The Morning Murmur –  Friday, July 28, 2006

1. True friends of Israel cannot let the Dems take power - The Hill

Clinton's willingness to use American power to force a cease-fire on Israel before it had fully eradicated Hezbollah ten years ago stands in stark and sharp contrast to George Bush's insistence on letting Israel proceed with its attacks until the terrorist group is neutralized.

2. How to Really Help the Poor - USA Today Op-ed
Everyone agrees we should do everything we can to help poor Americans earn more. But one of the worst ways for Congress to attempt to do that is, paradoxically, one of the most popular: raising the minimum wage.

3. Chertoff hails end of let-go policy - Washington Times
The Bush administration said yesterday it has nearly ended catch-and-release on the southern border, has almost tripled the number of criminal arrests this year of employers who hire illegal aliens, and will gain operational control of the border by 2008, two years earlier than expected.

4. Tax Foes Push State Spending Caps - Wall Street Journal
Voters in at least half a dozen states likely will vote in November on ballot initiatives that would set strict formulas limiting the growth of public programs.

5. We Don't Need Beavis and Butt-head Voters - Los Angeles Times Op-ed
A proposed $1-million lottery to amp up voting would cheapen citizenship by trolling for votes among people who don't appear to take their citizenship very seriously and embarrassing true voter activists.

For previous issues of the Morning Murmur, go to www.GOPsecretary.gov

FULL ARTICLES BELOW:

1. True friends of Israel cannot let the Dems take power - The Hill

By Dick Morris and Eileen McGann

Ten years ago, on April 18, 1996, Israel attacked Hezbollah in Lebanon for 16 days in an operation called Grapes of Wrath. The global condemnation of Israel was fierce, especially when it bombed a U.N. refugee camp, killing 107 people, an attack that Tel Aviv said was a mistake.

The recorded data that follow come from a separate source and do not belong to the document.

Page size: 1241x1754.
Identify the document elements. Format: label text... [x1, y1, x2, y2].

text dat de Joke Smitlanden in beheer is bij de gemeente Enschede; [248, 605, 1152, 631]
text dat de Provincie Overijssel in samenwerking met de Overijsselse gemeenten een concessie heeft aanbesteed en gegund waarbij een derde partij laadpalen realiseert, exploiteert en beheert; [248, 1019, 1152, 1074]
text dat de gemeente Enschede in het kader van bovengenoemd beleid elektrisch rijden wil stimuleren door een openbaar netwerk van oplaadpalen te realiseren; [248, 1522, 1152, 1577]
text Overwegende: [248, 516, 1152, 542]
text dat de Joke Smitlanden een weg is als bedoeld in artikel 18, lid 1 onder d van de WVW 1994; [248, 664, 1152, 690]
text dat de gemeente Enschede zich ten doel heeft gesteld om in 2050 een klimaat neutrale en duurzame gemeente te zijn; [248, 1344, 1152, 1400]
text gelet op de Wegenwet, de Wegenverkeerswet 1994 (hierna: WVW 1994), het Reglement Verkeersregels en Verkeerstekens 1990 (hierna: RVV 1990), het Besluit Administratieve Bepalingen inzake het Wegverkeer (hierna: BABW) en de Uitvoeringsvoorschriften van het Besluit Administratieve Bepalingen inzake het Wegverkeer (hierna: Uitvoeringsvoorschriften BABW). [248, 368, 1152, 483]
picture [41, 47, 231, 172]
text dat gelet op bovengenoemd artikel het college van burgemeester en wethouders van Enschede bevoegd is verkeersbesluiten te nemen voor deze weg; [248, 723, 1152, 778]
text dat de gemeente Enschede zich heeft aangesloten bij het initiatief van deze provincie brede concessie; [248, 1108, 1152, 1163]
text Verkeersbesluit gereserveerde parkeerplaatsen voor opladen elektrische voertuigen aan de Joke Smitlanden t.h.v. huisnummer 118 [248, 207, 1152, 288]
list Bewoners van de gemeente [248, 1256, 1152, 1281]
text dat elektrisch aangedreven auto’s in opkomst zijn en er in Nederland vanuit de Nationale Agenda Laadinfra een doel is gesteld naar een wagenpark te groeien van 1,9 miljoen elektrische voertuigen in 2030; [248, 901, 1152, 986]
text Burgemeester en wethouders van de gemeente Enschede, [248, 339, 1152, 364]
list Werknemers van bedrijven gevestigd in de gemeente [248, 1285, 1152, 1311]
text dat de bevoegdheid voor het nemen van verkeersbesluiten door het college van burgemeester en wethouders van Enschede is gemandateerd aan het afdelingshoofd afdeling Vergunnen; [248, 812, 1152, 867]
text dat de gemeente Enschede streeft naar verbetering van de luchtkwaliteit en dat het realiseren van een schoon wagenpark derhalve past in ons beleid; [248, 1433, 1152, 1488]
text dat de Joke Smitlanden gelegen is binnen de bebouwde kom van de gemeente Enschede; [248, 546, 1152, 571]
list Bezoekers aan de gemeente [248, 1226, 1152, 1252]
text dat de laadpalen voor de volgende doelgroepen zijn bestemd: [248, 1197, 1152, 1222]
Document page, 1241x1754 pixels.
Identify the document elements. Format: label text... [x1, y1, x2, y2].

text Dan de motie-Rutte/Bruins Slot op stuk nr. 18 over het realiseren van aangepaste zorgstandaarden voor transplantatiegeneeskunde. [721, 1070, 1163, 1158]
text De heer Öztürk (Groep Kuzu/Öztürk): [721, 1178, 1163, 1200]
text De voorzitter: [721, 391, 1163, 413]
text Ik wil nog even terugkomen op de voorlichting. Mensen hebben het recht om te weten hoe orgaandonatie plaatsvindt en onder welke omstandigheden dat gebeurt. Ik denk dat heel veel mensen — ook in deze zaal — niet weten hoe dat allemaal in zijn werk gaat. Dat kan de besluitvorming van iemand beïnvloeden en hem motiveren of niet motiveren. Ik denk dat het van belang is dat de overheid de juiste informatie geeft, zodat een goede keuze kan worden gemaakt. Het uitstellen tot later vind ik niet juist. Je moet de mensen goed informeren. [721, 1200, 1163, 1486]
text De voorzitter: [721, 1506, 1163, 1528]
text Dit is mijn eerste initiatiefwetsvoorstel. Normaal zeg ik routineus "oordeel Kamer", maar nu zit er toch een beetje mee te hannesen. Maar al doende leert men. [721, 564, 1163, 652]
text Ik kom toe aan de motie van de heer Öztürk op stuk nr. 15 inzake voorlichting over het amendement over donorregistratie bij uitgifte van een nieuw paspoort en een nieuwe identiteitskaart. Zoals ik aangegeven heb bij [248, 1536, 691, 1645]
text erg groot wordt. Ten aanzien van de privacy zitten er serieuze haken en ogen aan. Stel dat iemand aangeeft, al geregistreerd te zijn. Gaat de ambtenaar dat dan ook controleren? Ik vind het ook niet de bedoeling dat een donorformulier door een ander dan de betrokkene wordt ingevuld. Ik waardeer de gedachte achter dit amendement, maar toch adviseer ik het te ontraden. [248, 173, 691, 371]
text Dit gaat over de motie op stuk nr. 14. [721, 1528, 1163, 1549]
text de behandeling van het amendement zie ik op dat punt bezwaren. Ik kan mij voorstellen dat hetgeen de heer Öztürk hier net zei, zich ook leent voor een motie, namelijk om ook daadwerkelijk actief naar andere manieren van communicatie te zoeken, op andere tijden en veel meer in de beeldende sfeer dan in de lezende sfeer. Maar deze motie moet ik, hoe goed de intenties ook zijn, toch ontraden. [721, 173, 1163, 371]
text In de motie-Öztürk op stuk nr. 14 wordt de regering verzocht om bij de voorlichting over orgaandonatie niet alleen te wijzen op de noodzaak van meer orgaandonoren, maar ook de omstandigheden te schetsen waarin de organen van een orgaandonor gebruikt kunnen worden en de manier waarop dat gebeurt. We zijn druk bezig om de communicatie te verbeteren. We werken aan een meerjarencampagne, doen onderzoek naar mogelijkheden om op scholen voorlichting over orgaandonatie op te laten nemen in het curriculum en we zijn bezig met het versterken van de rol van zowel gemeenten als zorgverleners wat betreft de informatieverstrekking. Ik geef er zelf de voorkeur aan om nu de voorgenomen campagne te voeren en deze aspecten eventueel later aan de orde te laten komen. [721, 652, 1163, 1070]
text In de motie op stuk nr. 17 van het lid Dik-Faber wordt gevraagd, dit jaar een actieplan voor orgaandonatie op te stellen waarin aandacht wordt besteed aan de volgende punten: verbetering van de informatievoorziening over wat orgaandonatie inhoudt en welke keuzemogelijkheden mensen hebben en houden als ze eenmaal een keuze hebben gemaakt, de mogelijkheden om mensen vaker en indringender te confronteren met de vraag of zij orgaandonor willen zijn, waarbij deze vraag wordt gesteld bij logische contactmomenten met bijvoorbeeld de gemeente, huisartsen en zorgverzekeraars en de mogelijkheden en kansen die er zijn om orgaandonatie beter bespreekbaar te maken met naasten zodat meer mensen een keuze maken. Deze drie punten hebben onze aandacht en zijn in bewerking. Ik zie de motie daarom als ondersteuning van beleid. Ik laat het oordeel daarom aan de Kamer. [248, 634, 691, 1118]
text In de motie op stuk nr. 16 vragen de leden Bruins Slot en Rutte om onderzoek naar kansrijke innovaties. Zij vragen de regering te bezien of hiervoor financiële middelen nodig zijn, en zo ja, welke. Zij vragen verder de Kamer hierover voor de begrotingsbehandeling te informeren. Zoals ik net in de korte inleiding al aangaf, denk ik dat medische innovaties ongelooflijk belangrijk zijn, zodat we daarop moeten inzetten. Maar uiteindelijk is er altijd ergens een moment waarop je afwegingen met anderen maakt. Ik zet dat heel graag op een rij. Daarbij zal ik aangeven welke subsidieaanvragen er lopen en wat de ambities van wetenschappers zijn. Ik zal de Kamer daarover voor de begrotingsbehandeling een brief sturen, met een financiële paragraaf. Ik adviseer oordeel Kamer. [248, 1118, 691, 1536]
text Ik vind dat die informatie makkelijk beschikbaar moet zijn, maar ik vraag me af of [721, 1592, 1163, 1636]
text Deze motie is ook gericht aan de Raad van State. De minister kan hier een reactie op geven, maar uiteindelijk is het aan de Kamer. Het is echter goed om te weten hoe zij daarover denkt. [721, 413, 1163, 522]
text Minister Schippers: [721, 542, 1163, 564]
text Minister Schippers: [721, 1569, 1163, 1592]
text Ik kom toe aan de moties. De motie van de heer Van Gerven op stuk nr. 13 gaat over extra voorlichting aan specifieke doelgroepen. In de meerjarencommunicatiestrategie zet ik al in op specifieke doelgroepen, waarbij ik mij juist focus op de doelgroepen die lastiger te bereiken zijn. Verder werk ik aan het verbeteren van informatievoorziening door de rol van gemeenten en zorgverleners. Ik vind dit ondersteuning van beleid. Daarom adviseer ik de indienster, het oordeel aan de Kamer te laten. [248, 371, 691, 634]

At the time, the United States did nothing to stop the tide from turning against Israel and President Clinton said, "I think it is important that we do everything we can to bring an end to the violence."

In private, Clinton seethed at the Israeli attack, saying he had discussed with Israeli Prime Minister Shimon Peres the possibility of concluding a military defense treaty with his nation, pledging U.S. aid in the event of an attack.

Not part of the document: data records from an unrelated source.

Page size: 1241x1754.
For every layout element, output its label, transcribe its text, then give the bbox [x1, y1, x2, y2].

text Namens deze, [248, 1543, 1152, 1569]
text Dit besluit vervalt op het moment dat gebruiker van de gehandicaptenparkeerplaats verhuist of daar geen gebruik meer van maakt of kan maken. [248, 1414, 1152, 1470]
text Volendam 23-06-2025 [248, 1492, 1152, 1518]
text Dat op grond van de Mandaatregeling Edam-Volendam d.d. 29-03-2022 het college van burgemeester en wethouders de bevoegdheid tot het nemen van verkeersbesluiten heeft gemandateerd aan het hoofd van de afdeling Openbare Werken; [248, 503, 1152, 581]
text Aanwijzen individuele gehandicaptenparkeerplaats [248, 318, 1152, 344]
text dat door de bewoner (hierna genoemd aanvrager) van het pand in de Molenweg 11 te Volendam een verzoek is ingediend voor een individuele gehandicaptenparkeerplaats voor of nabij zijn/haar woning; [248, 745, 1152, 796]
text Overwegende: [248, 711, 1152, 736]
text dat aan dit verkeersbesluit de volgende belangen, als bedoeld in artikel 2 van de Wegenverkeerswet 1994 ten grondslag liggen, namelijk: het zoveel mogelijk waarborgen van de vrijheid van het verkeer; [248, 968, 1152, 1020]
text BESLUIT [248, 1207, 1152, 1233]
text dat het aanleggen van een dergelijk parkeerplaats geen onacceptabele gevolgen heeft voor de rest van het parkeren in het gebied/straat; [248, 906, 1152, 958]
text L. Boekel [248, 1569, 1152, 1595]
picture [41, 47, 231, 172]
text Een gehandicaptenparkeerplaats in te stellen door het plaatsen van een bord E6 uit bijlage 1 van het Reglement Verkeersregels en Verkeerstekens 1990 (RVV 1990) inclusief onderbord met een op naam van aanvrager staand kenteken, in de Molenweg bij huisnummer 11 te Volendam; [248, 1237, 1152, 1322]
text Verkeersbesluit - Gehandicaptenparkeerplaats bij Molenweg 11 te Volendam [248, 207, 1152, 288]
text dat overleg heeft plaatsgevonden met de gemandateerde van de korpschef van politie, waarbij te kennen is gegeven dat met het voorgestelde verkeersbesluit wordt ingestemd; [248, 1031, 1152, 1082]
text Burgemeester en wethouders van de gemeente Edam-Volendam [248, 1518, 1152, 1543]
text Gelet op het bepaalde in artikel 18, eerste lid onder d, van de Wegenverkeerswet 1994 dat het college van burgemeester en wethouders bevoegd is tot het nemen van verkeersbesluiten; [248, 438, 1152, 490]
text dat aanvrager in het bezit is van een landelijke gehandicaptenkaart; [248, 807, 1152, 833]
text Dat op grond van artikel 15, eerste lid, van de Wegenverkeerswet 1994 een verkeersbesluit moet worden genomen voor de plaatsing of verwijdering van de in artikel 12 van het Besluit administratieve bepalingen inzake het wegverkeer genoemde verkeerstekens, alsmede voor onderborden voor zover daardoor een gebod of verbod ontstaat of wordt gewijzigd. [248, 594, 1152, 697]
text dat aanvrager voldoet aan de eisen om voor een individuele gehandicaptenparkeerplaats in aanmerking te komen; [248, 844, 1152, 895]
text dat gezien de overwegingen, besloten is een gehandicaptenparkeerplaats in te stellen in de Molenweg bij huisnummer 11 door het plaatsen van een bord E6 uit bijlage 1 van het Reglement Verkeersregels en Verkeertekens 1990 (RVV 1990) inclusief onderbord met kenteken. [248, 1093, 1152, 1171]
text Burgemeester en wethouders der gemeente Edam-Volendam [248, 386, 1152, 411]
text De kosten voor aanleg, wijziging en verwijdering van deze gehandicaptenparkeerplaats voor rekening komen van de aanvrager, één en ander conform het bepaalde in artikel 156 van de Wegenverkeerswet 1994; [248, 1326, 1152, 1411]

"They really want this guarantee from us," Clinton told me. "I would have given them the commitment, too, but now I can't because of the uproar over the refugee camp bombing."

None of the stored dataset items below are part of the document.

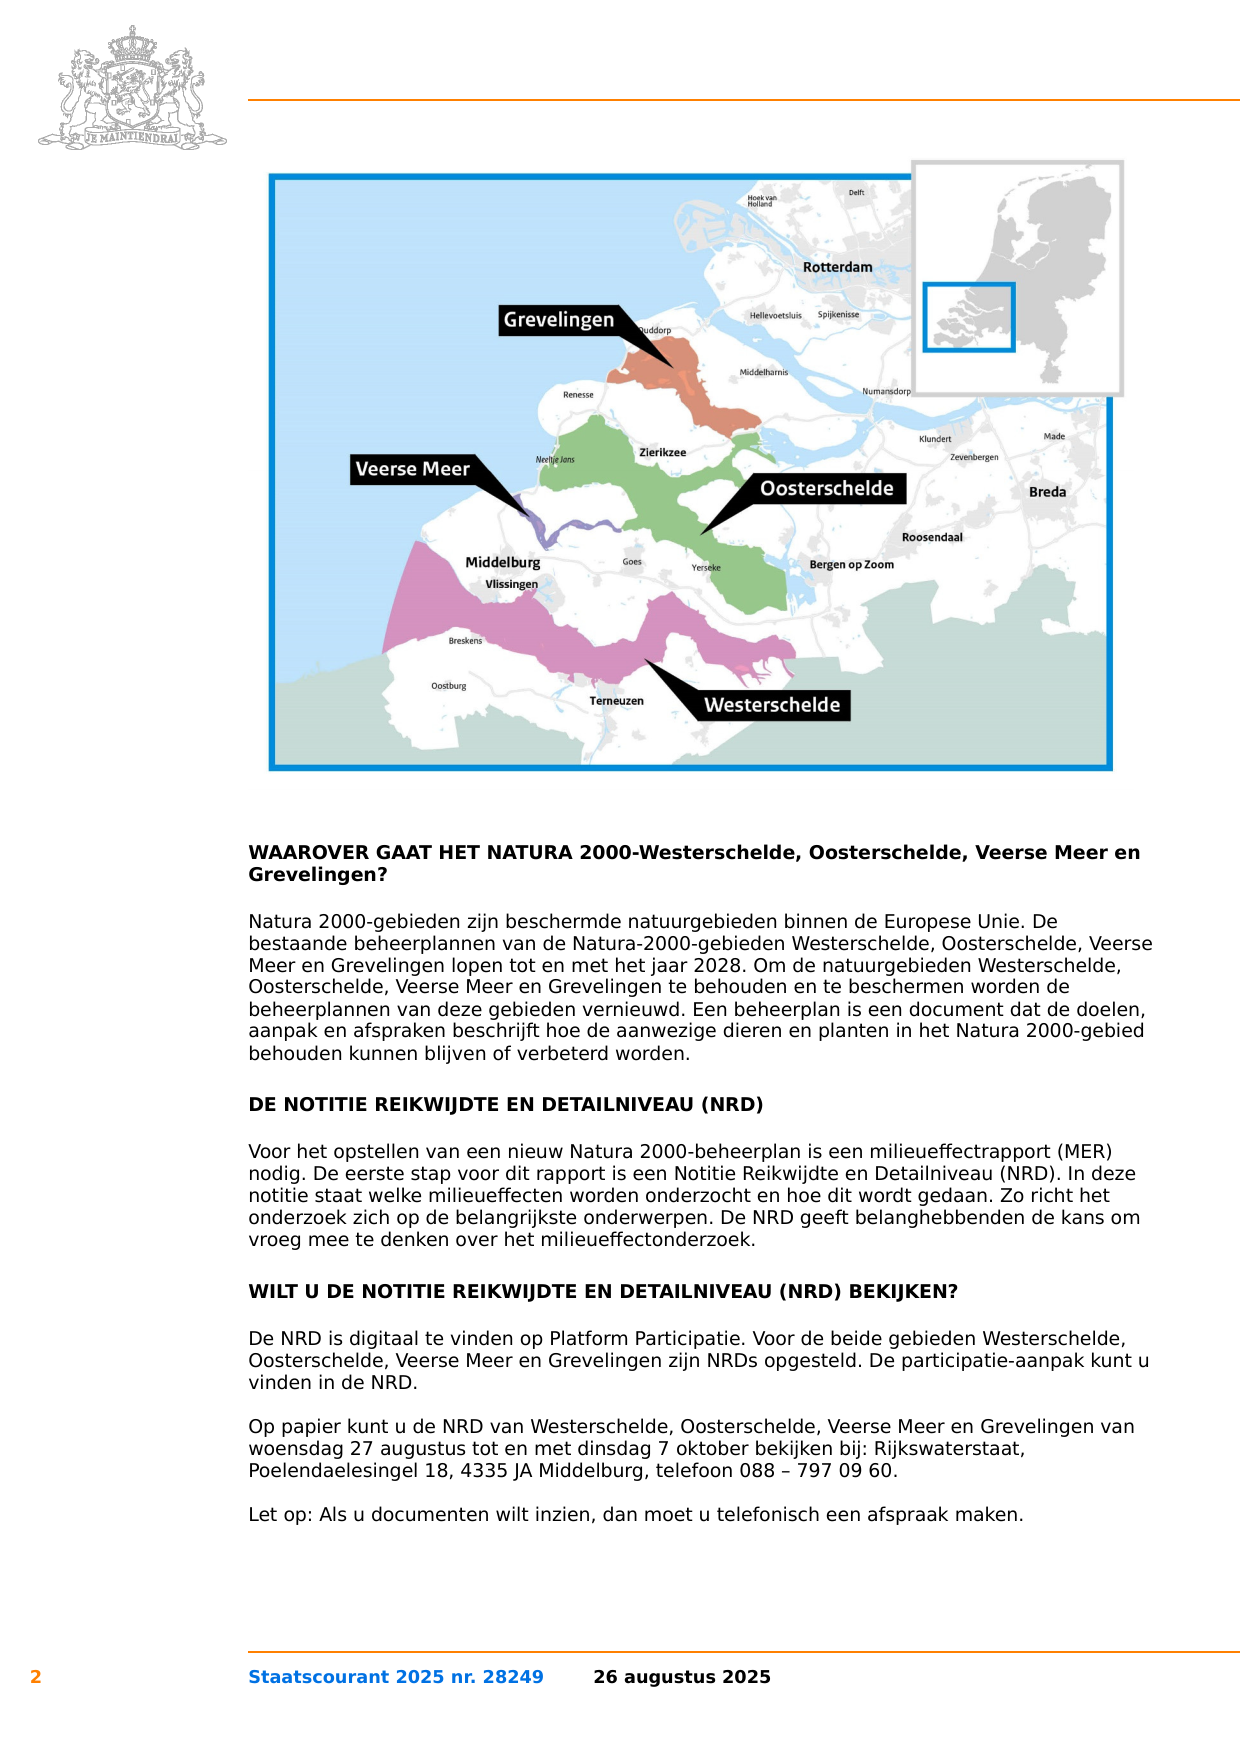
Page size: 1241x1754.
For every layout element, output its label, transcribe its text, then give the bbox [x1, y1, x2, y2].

subtitle WAAROVER GAAT HET NATURA 2000-Westerschelde, Oosterschelde, Veerse Meer en Grevelingen? [248, 842, 1163, 886]
picture [248, 151, 1134, 790]
text Op papier kunt u de NRD van Westerschelde, Oosterschelde, Veerse Meer en Grevelingen van woensdag 27 augustus tot en met dinsdag 7 oktober bekijken bij: Rijkswaterstaat, Poelendaelesingel 18, 4335 JA Middelburg, telefoon 088 – 797 09 60. [248, 1416, 1163, 1482]
subtitle WILT U DE NOTITIE REIKWIJDTE EN DETAILNIVEAU (NRD) BEKIJKEN? [248, 1281, 1163, 1303]
text Natura 2000-gebieden zijn beschermde natuurgebieden binnen de Europese Unie. De bestaande beheerplannen van de Natura-2000-gebieden Westerschelde, Oosterschelde, Veerse Meer en Grevelingen lopen tot en met het jaar 2028. Om de natuurgebieden Westerschelde, Oosterschelde, Veerse Meer en Grevelingen te behouden en te beschermen worden de beheerplannen van deze gebieden vernieuwd. Een beheerplan is een document dat de doelen, aanpak en afspraken beschrijft hoe de aanwezige dieren en planten in het Natura 2000-gebied behouden kunnen blijven of verbeterd worden. [248, 911, 1163, 1064]
picture [38, 25, 227, 150]
text Voor het opstellen van een nieuw Natura 2000-beheerplan is een milieueffectrapport (MER) nodig. De eerste stap voor dit rapport is een Notitie Reikwijdte en Detailniveau (NRD). In deze notitie staat welke milieueffecten worden onderzocht en hoe dit wordt gedaan. Zo richt het onderzoek zich op de belangrijkste onderwerpen. De NRD geeft belanghebbenden de kans om vroeg mee te denken over het milieueffectonderzoek. [248, 1141, 1163, 1251]
text De NRD is digitaal te vinden op Platform Participatie. Voor de beide gebieden Westerschelde, Oosterschelde, Veerse Meer en Grevelingen zijn NRDs opgesteld. De participatie-aanpak kunt u vinden in de NRD. [248, 1328, 1163, 1394]
subtitle DE NOTITIE REIKWIJDTE EN DETAILNIVEAU (NRD) [248, 1094, 1163, 1116]
text Let op: Als u documenten wilt inzien, dan moet u telefonisch een afspraak maken. [248, 1504, 1163, 1526]

No such treaty was ever signed.

Clinton's willingness to use American power to force a cease-fire on Israel before it had fully eradicated Hezbollah stands in stark and sharp contrast to George Bush's insistence on letting Israel proceed with its attacks until the terrorist group is neutralized.

In a nutshell, this illustrates the difference between the Democratic and Republican approaches to Israeli security.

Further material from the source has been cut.